Refreshed, in spite of his natural reaction of spirits, by the week's holiday, Stefan turned to his work with greater content in it than he had felt for some time. His content was, to his own surprise, rather increased than lessened by the discovery that Felicity Berber had left New York for the South. Arriving at his studio the day after their return from Vermont, he found one of her characteristic notes, in crimson ink this time, upon snowy paper.
“Stefan,” it read, “the winter has found his strength at last in storms. But our friendship dallies with the various moods of spring. It leaves me restless. The snow chills without calming me. My designing is beauty wasted on the blindness of the city's overfed. A need of warmth and stillness is upon me—the south claims me. The time of my return is unrevealed as yet. Felicity.”
Stefan read this epistle twice, the first time with irritation, the second with relief. “Affected creature,” he said to himself, “it's a good job she's gone. I've frittered away too much time with her as it is.”
At home that evening he told Mary. His devotion during their holiday had already obscured her memory of the autumn's unhappiness, and his carefree manner of imparting his tidings laid any ghost of doubt that still remained with her. Secure once more in his love, she was as uncloudedly happy as she had ever been.

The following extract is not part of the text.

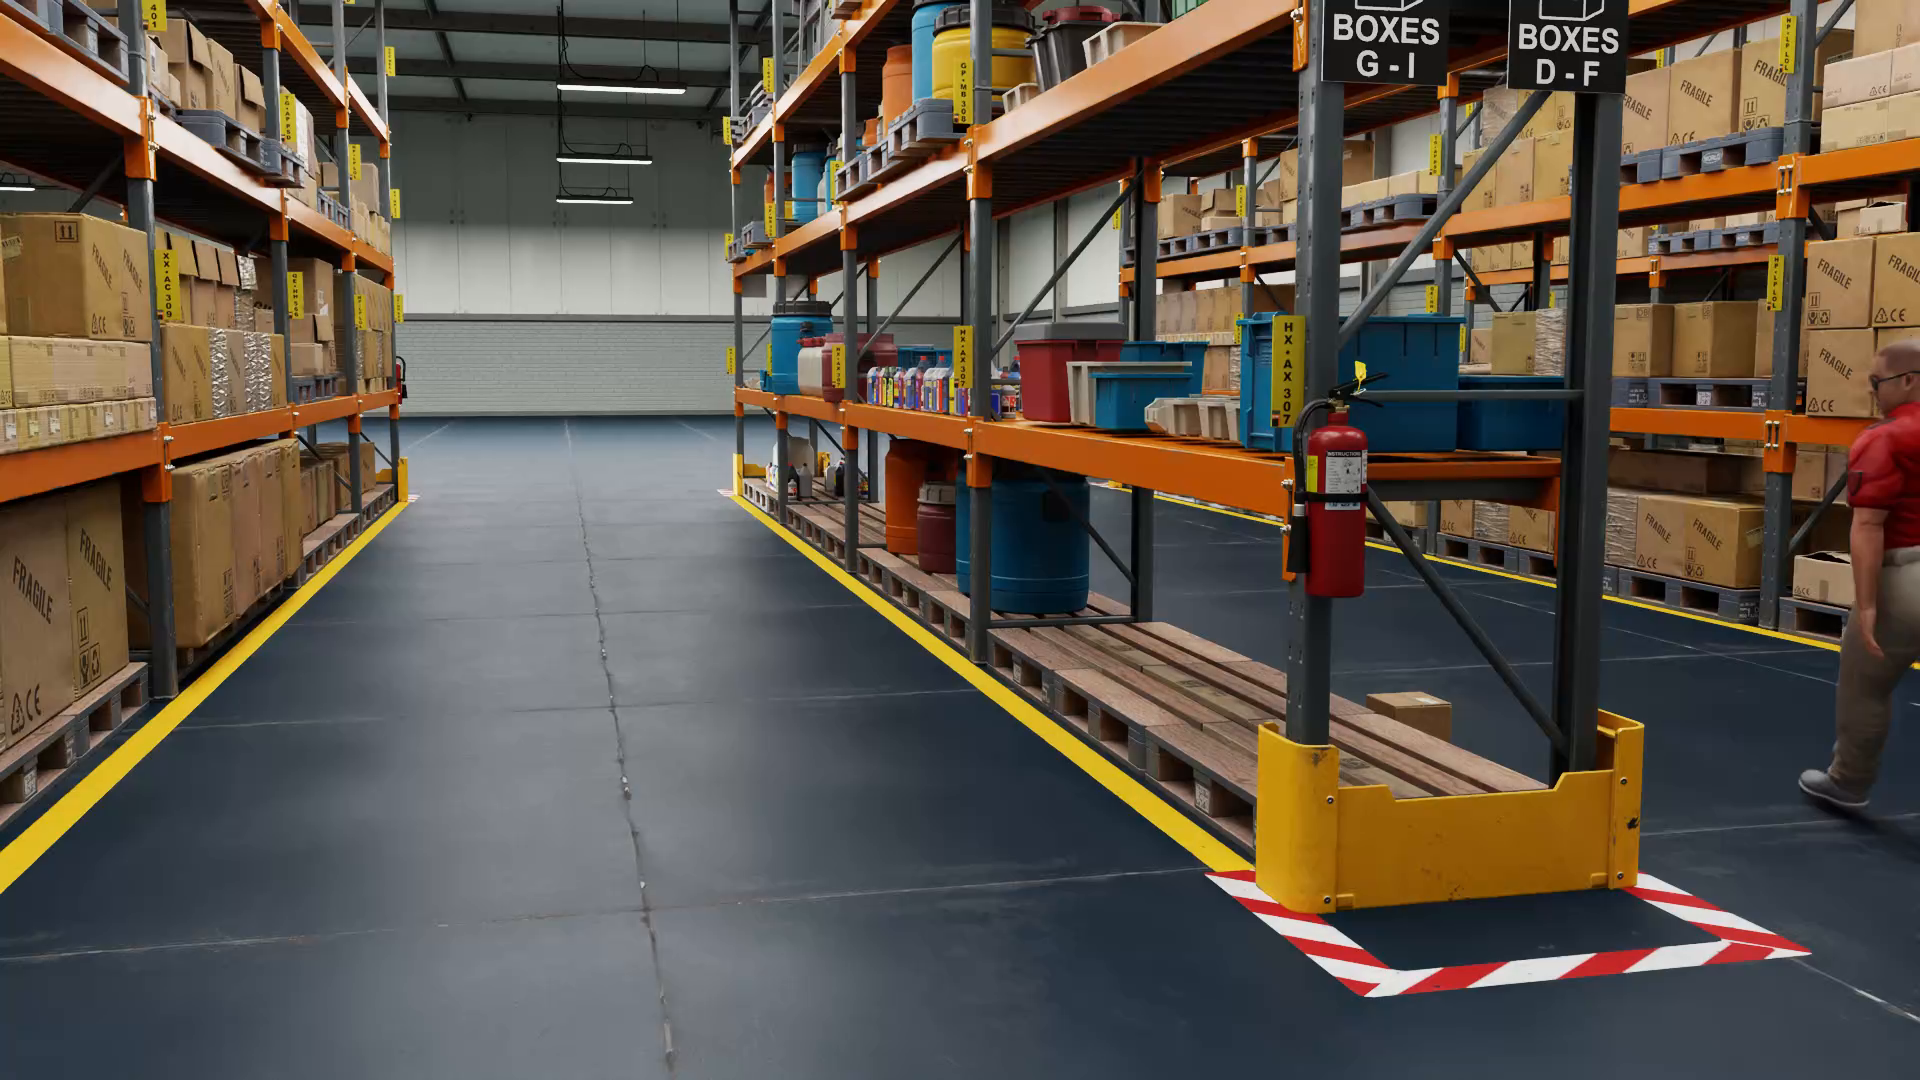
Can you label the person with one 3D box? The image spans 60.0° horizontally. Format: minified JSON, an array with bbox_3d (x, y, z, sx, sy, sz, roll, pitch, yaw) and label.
[{"bbox_3d":[3.214,0.156,5.575,0.642,1.655,1.073,0,6,1],"label":"person"}]

In his newly acquired mood of sanity, Stefan faced the fact that he had less work to show for the last nine months than in any similar period of his career, and that he was still living on his last winter's success. What had these months brought him? An expensive and inconclusive flirtation at the cost of his wife's happiness, a few disturbing memories, and two unfinished pictures. Out of patience with himself, he plunged into his work. In two weeks of concentrated effort he had finished the Nixie, and had arranged with Constantine to exhibit it and the Demeter immediately. This last the dealer appeared to admire, pronouncing it a fine canvas, though inferior to the Danaë. About the Nixie he seemed in two minds.
“We shall have a newspaper story with that one, Mr. Byrd, the lady being so well known, and the subject so dramatic, but if you ask me will it sell—” he shrugged his fat shoulders—“that's another thing.”
Stefan stared at him. “I could sell that picture in France five times over.”
Constantine waved his pudgy fingers.
“Ah, France! V'là c' qui est autre chose, 's pas? But if we fail in New York for this one I think we try Chicago.”
The reception of the pictures proved Constantine a shrewd prophet. The academic Demeter was applauded by the average critic as a piece of decorative work in the grand manner, and a fit rebuke to all Cubists, Futurists, and other anarchists. It was bought by a committee from a western agricultural college, which had come east with a check from the state's leading politician to purchase suitable mural enrichments for the college's new building. Constantine persuaded these worthies that one suitable painting by a distinguished artist would enrich their institution more than the half dozen canvases “to fit the auditorium” which they had been inclined to order. Moreover, he mulcted them of two thousand dollars for Demeter, which, in his private estimation, was more than she was worth. He achieved the sale more readily because of the newspaper controversy aroused by the Nixie. Was this picture a satire on life, or on the celebrated Miss Berber? Was it great art, or merely melodrama? Were Byrd's effects of river-light obtained in the old impressionist manner, or by a subtler method of his own? Was he a master or a poseur?